THE DATA.
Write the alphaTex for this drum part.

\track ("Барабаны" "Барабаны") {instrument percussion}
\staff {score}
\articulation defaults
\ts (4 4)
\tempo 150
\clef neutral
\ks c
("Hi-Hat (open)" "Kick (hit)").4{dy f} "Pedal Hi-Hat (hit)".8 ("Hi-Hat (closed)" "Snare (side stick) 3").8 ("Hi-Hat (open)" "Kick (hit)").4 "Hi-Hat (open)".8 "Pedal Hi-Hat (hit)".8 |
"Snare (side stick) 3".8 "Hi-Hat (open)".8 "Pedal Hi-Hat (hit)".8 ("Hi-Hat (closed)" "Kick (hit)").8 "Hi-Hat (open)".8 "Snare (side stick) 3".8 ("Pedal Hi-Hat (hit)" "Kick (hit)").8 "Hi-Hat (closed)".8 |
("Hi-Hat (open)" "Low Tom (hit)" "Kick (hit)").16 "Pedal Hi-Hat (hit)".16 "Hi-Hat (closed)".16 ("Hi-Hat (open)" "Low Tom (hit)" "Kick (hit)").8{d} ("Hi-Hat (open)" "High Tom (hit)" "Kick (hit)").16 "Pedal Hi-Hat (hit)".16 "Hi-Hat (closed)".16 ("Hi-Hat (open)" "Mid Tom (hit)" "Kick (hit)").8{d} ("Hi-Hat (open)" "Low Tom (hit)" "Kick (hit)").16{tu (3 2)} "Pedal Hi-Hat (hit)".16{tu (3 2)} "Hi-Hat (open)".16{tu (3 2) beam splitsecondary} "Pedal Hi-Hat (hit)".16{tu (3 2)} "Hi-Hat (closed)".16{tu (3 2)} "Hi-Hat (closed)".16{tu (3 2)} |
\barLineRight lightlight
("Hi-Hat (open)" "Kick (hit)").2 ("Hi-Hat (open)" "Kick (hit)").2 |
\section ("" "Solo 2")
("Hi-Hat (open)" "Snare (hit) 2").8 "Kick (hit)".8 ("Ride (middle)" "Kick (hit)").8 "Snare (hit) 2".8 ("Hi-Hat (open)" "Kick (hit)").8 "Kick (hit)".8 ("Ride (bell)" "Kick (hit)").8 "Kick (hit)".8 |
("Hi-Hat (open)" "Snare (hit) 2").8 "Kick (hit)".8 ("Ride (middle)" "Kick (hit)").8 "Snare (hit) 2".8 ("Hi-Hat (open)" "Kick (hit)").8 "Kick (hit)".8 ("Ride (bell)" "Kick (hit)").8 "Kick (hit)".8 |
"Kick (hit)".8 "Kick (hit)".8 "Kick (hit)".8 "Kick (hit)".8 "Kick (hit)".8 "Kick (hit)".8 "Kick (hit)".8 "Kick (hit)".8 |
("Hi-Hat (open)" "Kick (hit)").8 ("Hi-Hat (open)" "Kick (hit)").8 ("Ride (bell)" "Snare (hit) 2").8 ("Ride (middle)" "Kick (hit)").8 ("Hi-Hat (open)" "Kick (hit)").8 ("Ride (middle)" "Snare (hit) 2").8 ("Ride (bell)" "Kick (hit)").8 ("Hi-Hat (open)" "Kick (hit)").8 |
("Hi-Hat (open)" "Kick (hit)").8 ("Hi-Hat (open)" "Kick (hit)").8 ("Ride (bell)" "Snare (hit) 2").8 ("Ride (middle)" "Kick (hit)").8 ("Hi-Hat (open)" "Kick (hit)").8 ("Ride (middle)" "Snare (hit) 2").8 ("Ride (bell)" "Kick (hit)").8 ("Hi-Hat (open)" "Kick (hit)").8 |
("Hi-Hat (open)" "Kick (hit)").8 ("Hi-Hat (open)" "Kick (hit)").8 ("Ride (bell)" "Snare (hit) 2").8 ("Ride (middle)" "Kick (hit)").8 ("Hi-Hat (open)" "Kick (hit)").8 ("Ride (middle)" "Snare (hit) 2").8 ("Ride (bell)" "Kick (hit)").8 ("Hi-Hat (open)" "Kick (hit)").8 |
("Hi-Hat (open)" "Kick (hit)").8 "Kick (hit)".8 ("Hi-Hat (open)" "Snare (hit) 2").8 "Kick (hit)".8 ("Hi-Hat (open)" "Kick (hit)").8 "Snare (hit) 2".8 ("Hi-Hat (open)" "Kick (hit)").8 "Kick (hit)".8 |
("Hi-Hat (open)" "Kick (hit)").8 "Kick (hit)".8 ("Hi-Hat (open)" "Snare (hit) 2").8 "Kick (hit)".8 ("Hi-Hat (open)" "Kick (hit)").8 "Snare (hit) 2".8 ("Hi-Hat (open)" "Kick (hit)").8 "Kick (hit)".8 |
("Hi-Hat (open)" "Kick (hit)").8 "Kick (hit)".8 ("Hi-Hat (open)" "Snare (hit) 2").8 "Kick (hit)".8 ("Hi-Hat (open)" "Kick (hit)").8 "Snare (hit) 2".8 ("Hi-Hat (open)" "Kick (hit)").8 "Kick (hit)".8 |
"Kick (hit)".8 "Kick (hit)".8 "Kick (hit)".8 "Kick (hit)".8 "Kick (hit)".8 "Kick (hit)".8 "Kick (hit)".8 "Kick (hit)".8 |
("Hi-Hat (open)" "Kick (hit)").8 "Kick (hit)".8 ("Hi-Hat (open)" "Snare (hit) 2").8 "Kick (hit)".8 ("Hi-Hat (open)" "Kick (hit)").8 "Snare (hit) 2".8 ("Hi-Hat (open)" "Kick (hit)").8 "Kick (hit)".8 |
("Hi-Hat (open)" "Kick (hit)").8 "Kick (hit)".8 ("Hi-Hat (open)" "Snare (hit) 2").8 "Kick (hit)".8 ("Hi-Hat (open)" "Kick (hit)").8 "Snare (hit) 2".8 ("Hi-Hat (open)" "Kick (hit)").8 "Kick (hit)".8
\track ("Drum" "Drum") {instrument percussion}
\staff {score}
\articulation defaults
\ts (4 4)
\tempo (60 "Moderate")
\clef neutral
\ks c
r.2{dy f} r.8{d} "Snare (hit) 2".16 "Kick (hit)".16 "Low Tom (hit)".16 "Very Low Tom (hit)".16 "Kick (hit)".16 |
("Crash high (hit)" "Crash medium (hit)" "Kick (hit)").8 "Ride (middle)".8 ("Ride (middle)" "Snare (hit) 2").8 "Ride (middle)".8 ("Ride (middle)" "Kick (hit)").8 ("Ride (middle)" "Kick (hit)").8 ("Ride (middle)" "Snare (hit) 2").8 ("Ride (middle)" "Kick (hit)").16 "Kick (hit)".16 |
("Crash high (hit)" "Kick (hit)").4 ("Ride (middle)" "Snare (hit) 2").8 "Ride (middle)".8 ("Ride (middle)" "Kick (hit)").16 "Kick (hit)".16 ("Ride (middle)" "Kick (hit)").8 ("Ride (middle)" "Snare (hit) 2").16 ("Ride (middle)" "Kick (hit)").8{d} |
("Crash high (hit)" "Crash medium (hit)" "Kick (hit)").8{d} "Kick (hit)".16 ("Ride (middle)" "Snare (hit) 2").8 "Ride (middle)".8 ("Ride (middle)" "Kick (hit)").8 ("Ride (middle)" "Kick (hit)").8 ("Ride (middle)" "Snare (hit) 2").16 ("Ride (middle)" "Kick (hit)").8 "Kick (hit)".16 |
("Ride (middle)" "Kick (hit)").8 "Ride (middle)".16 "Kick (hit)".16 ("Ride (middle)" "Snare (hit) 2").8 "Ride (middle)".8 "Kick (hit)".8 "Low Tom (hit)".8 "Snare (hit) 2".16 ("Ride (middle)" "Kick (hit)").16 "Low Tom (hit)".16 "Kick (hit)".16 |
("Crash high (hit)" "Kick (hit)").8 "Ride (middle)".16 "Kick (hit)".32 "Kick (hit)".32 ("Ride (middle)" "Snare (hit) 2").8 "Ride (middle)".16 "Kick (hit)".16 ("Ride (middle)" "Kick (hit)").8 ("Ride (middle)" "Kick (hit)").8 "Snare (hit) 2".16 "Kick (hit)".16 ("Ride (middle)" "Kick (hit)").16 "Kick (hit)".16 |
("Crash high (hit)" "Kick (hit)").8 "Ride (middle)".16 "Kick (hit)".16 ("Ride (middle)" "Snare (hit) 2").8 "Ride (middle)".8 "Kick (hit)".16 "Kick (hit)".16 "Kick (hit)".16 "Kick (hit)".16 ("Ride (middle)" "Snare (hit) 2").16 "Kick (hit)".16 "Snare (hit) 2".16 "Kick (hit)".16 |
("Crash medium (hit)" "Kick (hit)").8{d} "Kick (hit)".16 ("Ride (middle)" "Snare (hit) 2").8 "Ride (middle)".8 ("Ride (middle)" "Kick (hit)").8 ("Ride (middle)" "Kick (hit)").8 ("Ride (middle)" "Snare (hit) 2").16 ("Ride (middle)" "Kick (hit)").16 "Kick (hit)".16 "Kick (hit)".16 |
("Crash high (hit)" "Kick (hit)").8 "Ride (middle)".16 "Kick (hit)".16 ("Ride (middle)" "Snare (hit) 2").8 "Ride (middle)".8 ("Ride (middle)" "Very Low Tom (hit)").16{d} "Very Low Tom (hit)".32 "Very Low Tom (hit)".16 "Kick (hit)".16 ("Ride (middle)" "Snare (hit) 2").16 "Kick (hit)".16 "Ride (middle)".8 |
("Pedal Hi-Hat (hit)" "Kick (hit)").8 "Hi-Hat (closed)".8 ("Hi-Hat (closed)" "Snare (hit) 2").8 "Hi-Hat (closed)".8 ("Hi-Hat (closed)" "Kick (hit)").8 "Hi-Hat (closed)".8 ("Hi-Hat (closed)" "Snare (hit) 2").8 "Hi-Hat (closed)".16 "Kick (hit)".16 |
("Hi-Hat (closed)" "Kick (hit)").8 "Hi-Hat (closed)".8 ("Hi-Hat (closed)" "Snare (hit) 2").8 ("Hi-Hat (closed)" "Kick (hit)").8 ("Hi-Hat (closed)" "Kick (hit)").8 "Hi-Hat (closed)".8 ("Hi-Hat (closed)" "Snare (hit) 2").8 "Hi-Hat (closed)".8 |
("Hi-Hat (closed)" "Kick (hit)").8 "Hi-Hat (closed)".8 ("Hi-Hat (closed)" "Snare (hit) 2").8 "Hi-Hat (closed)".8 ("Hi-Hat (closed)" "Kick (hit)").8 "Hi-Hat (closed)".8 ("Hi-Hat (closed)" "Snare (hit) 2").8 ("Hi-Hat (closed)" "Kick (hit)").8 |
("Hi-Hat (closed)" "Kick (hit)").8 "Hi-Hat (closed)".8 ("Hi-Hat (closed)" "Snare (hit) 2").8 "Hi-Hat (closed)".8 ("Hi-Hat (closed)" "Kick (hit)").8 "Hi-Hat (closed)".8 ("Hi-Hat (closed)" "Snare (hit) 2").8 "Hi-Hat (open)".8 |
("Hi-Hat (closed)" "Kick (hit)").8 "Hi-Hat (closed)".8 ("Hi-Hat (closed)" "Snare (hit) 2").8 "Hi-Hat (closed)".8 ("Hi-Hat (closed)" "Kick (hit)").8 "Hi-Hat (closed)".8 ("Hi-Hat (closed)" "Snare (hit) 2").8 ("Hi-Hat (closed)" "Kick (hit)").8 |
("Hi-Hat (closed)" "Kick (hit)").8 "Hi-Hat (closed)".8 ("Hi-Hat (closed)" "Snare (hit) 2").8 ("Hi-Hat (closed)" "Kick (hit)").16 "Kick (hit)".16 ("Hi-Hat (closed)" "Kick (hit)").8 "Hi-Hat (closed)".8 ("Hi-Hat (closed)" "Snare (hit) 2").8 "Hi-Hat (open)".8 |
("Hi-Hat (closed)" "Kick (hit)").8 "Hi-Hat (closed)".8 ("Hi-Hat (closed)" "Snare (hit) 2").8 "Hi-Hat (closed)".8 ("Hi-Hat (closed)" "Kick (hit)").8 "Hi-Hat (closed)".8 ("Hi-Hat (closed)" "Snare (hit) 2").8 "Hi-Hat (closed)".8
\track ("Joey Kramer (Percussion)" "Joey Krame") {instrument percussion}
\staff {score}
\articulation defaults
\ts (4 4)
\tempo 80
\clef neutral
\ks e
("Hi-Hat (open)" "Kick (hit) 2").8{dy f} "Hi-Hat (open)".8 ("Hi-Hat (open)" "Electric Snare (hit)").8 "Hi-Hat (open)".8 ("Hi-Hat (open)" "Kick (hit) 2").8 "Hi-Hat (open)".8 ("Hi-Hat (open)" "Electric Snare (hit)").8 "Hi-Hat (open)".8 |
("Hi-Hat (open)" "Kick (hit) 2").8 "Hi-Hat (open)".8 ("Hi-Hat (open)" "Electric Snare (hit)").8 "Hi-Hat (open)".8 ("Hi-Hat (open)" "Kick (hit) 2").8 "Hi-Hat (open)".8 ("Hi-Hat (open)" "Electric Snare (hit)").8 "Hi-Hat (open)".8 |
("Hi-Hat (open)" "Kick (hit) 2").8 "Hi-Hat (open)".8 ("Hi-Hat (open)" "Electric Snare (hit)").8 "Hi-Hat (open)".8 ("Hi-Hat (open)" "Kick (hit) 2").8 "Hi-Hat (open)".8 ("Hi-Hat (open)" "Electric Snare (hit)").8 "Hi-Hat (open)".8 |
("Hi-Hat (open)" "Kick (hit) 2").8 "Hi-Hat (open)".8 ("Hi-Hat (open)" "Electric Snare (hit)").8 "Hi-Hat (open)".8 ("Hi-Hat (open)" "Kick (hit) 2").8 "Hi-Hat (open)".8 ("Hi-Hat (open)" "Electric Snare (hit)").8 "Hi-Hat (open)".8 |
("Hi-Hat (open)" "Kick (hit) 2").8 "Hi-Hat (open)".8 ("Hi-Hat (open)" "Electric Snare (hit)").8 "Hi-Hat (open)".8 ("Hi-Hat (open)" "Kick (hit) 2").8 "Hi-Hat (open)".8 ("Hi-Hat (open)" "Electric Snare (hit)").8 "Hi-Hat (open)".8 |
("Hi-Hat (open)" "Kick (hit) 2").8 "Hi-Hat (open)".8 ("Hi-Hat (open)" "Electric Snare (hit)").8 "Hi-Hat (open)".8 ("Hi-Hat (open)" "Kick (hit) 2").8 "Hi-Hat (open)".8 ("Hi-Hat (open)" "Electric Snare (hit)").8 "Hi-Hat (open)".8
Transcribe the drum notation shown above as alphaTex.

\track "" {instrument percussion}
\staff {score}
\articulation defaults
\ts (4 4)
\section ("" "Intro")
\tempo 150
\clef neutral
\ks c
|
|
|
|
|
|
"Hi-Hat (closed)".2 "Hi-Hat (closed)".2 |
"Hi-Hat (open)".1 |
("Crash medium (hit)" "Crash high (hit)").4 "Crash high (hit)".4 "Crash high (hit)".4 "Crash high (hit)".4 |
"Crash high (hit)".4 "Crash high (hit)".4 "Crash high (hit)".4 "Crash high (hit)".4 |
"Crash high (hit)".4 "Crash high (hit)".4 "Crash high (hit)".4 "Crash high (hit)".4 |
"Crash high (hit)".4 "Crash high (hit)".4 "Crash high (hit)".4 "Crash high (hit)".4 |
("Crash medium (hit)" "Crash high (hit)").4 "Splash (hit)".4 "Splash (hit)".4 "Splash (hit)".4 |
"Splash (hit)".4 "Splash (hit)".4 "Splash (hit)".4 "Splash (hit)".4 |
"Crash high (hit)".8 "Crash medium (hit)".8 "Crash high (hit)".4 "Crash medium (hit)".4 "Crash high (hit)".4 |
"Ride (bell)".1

EXERCISE INSTRUCTIONS.
Set down only the lines from the line with "Transcribe the drum" through the last line of the data above, keeping both the first and the last.

REPLY TO THE TASK.
Transcribe the drum notation shown above as alphaTex.

\track "" {instrument percussion}
\staff {score}
\articulation defaults
\ts (4 4)
\section ("" "Intro")
\tempo 150
\clef neutral
\ks c
|
|
|
|
|
|
"Hi-Hat (closed)".2 "Hi-Hat (closed)".2 |
"Hi-Hat (open)".1 |
("Crash medium (hit)" "Crash high (hit)").4 "Crash high (hit)".4 "Crash high (hit)".4 "Crash high (hit)".4 |
"Crash high (hit)".4 "Crash high (hit)".4 "Crash high (hit)".4 "Crash high (hit)".4 |
"Crash high (hit)".4 "Crash high (hit)".4 "Crash high (hit)".4 "Crash high (hit)".4 |
"Crash high (hit)".4 "Crash high (hit)".4 "Crash high (hit)".4 "Crash high (hit)".4 |
("Crash medium (hit)" "Crash high (hit)").4 "Splash (hit)".4 "Splash (hit)".4 "Splash (hit)".4 |
"Splash (hit)".4 "Splash (hit)".4 "Splash (hit)".4 "Splash (hit)".4 |
"Crash high (hit)".8 "Crash medium (hit)".8 "Crash high (hit)".4 "Crash medium (hit)".4 "Crash high (hit)".4 |
"Ride (bell)".1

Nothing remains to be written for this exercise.